Getting Through a Panic Attack

Panic attacks can strike out of the blue and can be a very frightening experience. While anyone can experience a panic attack, people who have them tend to suffer from them multiple times, and it is rarely a one-off event. In this blog, we are going to look at what a panic attack really is, and what you should do when one hits.

 

What is it?

A panic attack occurs when your body suddenly releases large amounts of adrenaline into your bloodstream. Adrenaline is usually associated with either sports or fear, and this goes back millions of years into our evolutionary history. It is the hormone associated with what is commonly referred to as our ‘fight or flight’ response. Panic attacks occur when we are afraid of something, such as a deadline, big presentation, or social events. This fear can trigger our primal response, which is intended to protect us from immediate bodily harm. But as there is no physical danger to a person suffering a panic attack, we have nothing to fight or flee from.

 

The 3 Minute Rule

It takes 3 minutes for the adrenaline released by our adrenal glands to take effect. When a panic attack strikes, taking the right steps immediately means you could address the issue within three minutes by stopping the release of further adrenaline. The key to achieving this is to convince your mind that it is not in danger.

 

Steps

Identify - The first step in putting a stop to a panic attack is to identify it when it occurs. Laboured breathing, a racing heart, weakness or difficulty standing, and a barrage of negative thoughts are the clearest indicators that you are having a panic attack. Once you know you are having a panic attack, you can begin to persuade your mind that everything is okay.

Breathe - Irregular breathing is only going to keep your heart beating fast and your mind muddled, so the first thing to focus on is your breathing. Breathing in through your nose, filling your lungs with air, and exhaling through the mouth is one of the best techniques for a panic attack. Not only will this regulate your breathing and oxygenate the brain, it will also serve as a distraction from whatever is on your mind. To make this even more effective, try to visualise the air your breathe as a moving swirl making its way through your body.
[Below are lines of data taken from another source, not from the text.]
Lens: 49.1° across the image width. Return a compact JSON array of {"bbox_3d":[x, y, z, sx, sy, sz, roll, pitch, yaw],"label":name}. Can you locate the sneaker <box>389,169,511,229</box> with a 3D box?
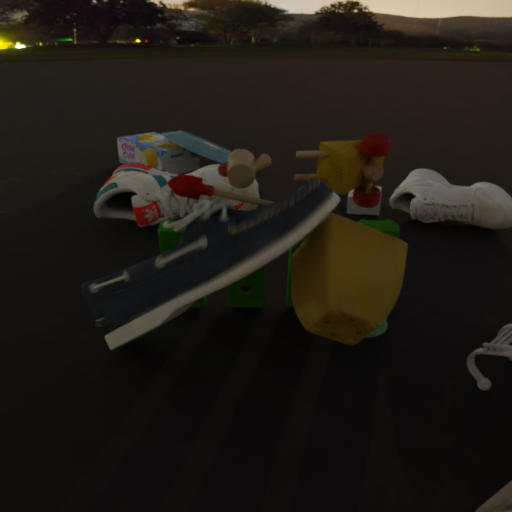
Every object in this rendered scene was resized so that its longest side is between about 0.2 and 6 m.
[{"bbox_3d":[3.297,-0.798,9.542,1.094,0.822,2.195,-36,38,-27],"label":"sneaker"}]

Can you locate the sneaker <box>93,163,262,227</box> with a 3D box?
[{"bbox_3d":[-1.370,-0.874,9.412,2.865,1.009,1.340,6,36,15],"label":"sneaker"}]

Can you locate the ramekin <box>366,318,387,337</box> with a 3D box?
[{"bbox_3d":[1.235,0.677,6.485,0.575,0.281,0.575,0,23,0],"label":"ramekin"}]

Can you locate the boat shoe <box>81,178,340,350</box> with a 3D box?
[{"bbox_3d":[-0.525,-0.064,5.755,2.863,0.885,1.072,-31,0,17],"label":"boat shoe"}]

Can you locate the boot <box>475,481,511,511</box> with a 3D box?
[{"bbox_3d":[3.149,1.319,3.445,2.987,1.084,2.716,-11,-7,-39],"label":"boot"}]

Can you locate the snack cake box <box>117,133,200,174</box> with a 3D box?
[{"bbox_3d":[-2.298,-2.397,13.124,1.074,0.628,1.868,-22,32,-38],"label":"snack cake box"}]

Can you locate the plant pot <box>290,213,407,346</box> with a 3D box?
[{"bbox_3d":[0.902,0.336,5.755,0.949,0.955,0.977,20,53,-13],"label":"plant pot"}]

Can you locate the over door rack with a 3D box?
[{"bbox_3d":[3.301,0.789,5.101,1.612,0.727,2.183,-21,2,-42],"label":"over door rack"}]

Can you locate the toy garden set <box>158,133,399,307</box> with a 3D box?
[{"bbox_3d":[0.250,-0.388,6.420,2.676,2.231,0.534,0,39,-1],"label":"toy garden set"}]

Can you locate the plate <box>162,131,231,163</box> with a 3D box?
[{"bbox_3d":[-1.184,-2.499,12.856,1.991,0.254,1.991,22,13,-5],"label":"plate"}]

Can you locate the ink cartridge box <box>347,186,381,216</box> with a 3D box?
[{"bbox_3d":[2.007,-1.038,10.359,0.599,0.340,0.817,5,24,12],"label":"ink cartridge box"}]

Persuade - As important as the first two steps are, a panic attack will only really end when your mind is convinced that it doesn’t need to be afraid. Tell yourself that it is just a panic attack, that the fear you are feeling is simply a result of your body releasing too much adrenaline, and that you are not actually in any danger. You may be nervous about something, but you are not going to be physically or irreparably harmed. It is just a basic human instinct that has been triggered at the wrong moment. Understanding these facts will not only distract your mind and interrupt the loop of negative thinking, it will also remind and convince you that there is no major threat posed to your health or life, which is what your body really fears.

 

Panic attacks can be very overwhelming, and it’s hard to feel in control when they occur. But remembering the facts and steps above will make dealing with a panic attack far more effective than simply letting it run its course. Each time you do this, you will become better and more effective at it, until it reaches a point where you feel fully in control when you can feel an attack coming.